* [Extracted records]:
● ● ●
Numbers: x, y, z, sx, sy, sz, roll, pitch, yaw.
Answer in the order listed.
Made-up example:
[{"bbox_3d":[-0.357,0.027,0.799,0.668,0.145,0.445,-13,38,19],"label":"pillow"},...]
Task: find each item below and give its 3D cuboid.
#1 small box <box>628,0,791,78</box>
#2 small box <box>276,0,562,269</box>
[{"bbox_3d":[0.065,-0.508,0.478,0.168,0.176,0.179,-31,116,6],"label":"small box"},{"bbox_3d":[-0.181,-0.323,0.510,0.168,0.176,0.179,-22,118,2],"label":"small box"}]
● ● ●
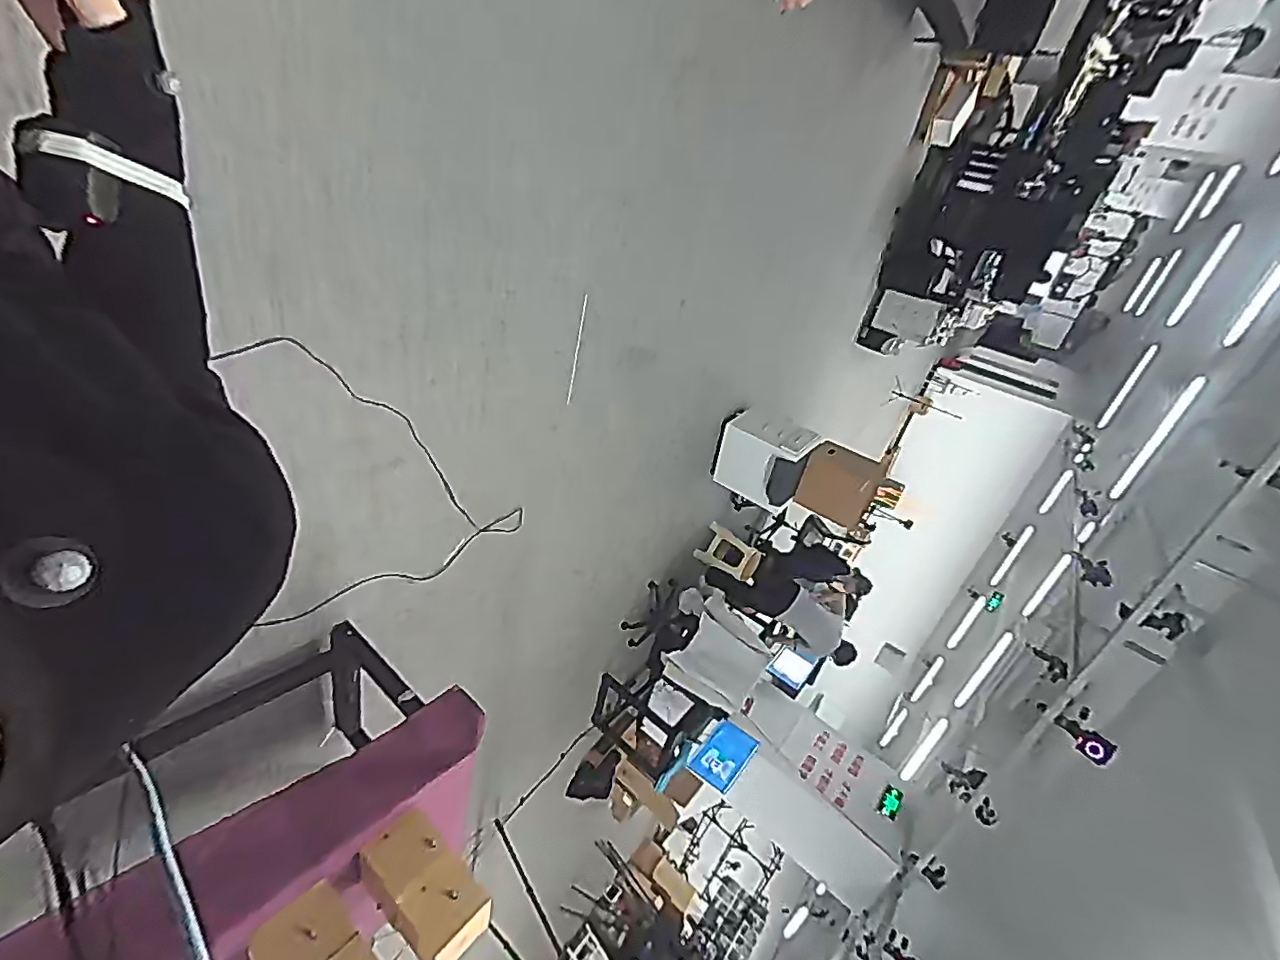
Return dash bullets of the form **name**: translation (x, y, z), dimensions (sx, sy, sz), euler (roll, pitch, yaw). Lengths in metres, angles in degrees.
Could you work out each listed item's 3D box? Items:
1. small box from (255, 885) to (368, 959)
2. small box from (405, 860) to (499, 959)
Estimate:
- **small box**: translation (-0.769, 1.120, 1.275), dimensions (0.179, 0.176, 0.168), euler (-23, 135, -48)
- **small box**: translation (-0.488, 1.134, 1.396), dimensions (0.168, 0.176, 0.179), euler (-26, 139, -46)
● ● ●
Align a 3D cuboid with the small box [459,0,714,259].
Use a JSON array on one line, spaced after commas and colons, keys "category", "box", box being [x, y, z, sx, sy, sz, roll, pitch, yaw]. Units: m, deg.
● ● ●
* [Problem to work on]:
Take from the material above the lines running from the one with "Align a 3D cuboid" through the one with "Use a JSON array", and repeat them exactly, with nothing else.

* [Answer space]:
Align a 3D cuboid with the small box [459,0,714,259].
Use a JSON array on one line, spaced after commas and colons, keys "category", "box", box being [x, y, z, sx, sy, sz, roll, pitch, yaw]. Units: m, deg.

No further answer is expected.